**WORK INSTRUCTIONS**
Starting at the line containing "- p x</formula>" and ending at the line containing "There is a large", transcribe the listing below exactly. Keep both end lines, skip the pictures, and copy nothing else.
╭──
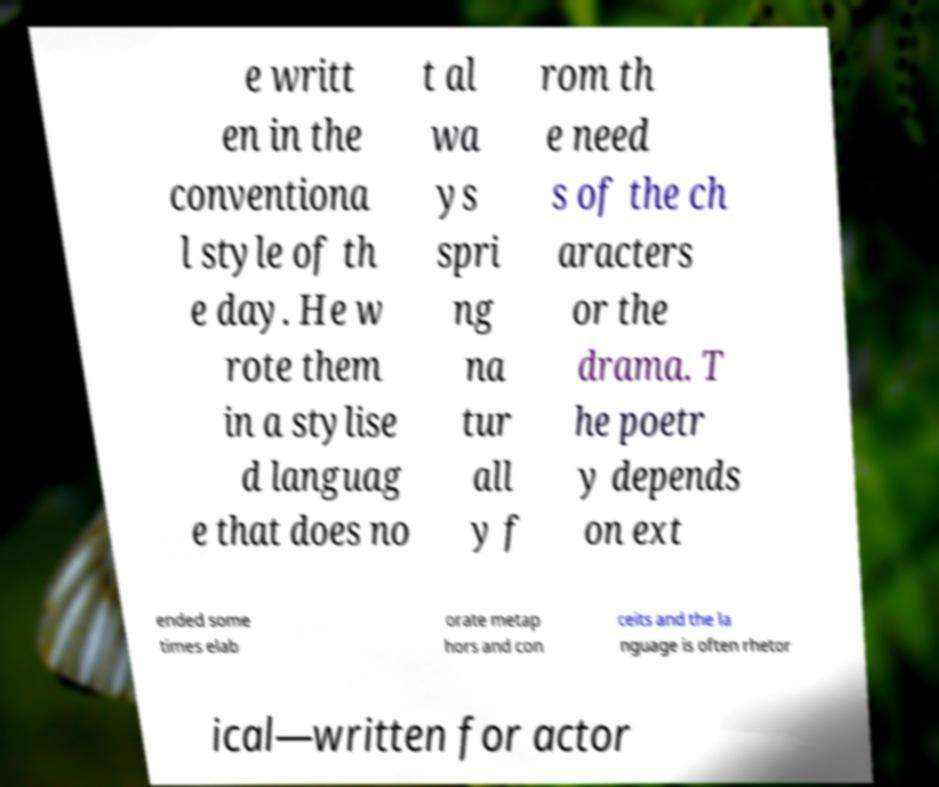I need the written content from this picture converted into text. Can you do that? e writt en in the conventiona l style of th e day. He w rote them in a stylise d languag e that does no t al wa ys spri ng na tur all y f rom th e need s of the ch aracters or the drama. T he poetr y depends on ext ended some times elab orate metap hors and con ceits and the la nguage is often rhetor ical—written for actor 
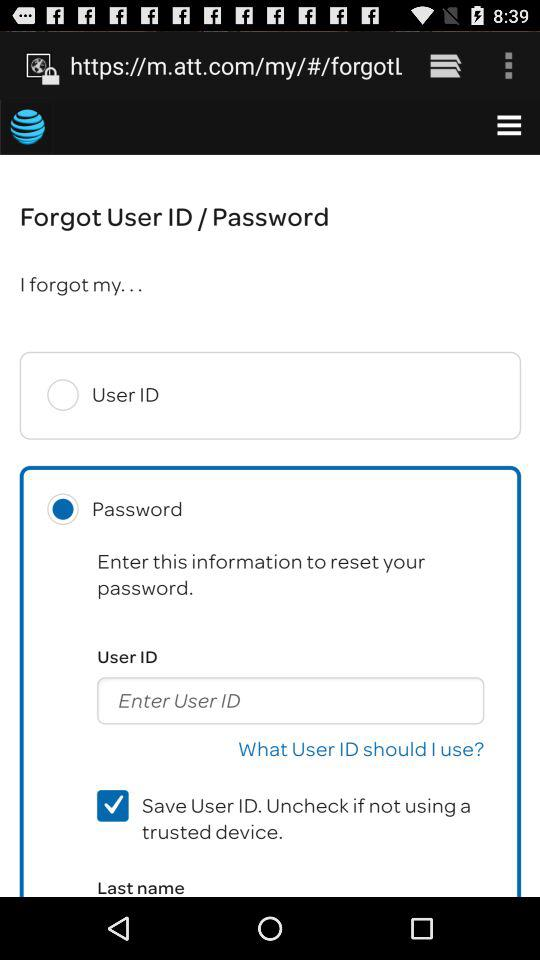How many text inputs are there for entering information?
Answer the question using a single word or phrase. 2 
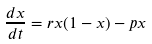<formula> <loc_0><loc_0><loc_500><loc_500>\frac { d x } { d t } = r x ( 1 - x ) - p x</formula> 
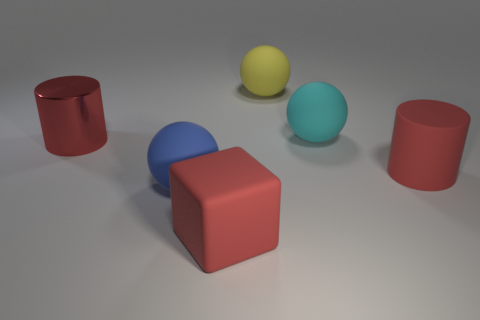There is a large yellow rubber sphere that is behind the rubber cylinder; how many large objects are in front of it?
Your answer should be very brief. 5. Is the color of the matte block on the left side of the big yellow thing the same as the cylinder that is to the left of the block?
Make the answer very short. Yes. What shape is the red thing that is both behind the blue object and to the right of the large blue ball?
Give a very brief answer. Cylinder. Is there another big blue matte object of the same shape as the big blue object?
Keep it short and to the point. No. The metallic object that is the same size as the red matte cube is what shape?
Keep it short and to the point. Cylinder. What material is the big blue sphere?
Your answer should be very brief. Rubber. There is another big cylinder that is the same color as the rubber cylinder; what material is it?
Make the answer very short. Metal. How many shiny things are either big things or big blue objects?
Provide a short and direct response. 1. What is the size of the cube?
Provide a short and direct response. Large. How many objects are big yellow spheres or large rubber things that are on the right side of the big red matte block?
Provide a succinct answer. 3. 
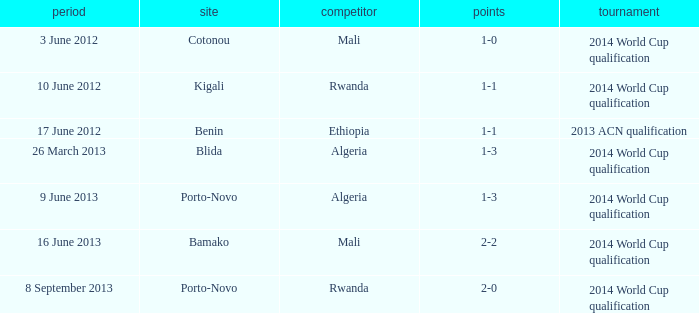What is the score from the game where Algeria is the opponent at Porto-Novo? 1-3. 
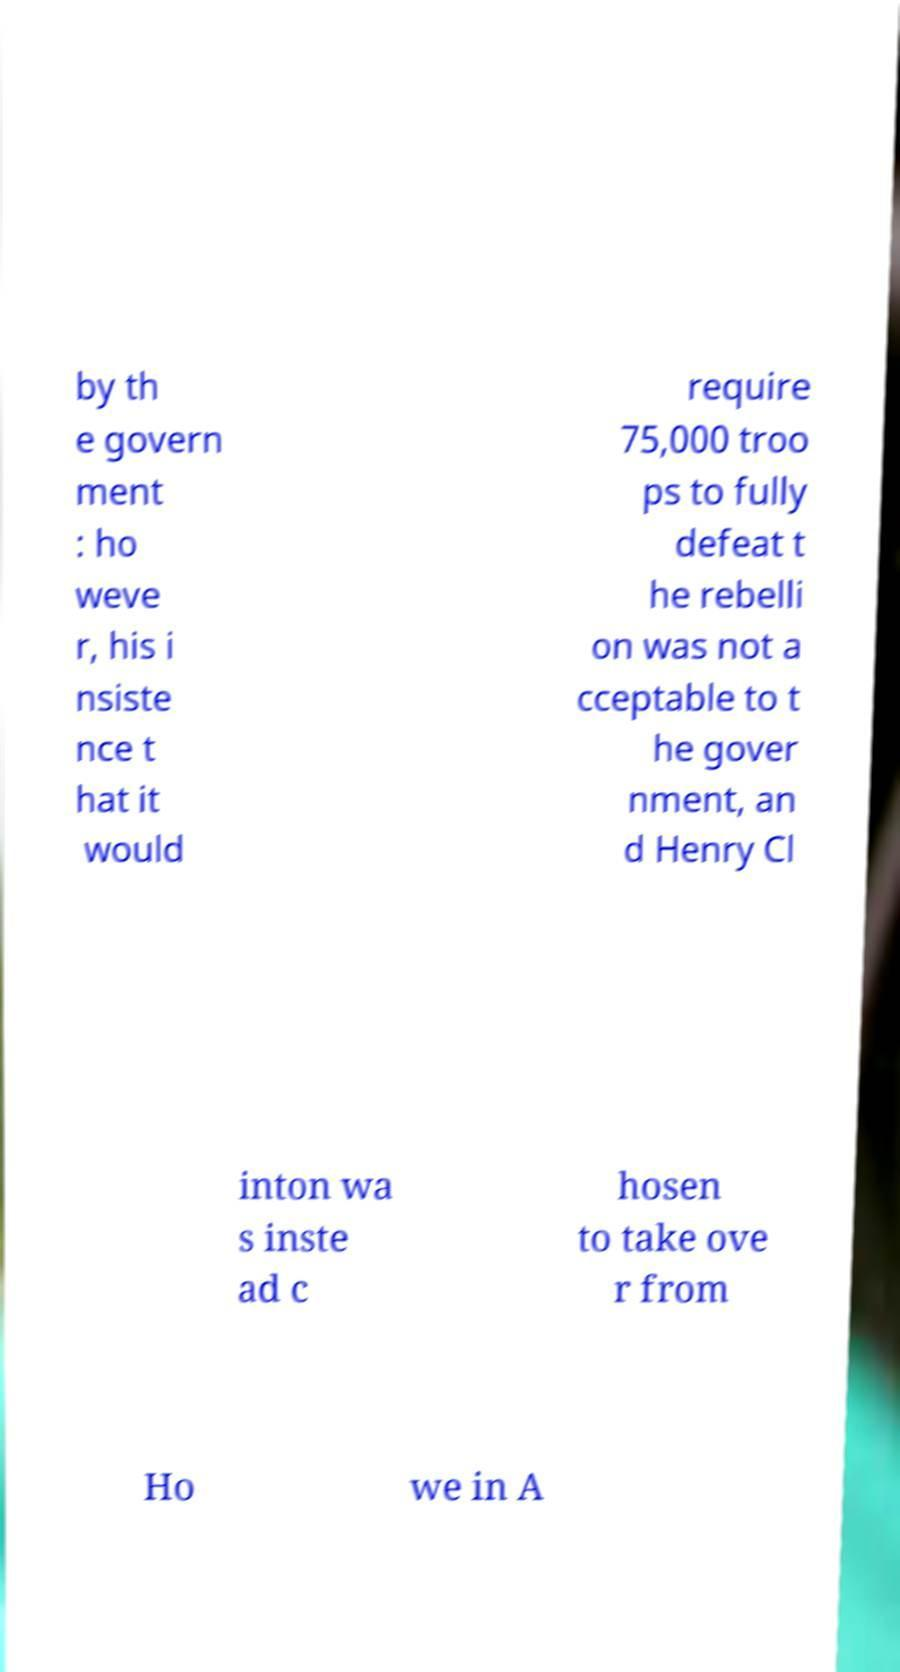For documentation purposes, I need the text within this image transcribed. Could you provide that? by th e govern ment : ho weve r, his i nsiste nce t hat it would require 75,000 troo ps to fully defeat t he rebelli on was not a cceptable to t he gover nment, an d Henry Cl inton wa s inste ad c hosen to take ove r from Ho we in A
╰──
**EXERCISE RESULT**
<formula> <loc_0><loc_0><loc_500><loc_500>\frac { d x } { d t } = r x ( 1 - x ) - p x</formula> 
There is a large yellow rubber sphere that is behind the rubber cylinder; how many large objects are in front of it?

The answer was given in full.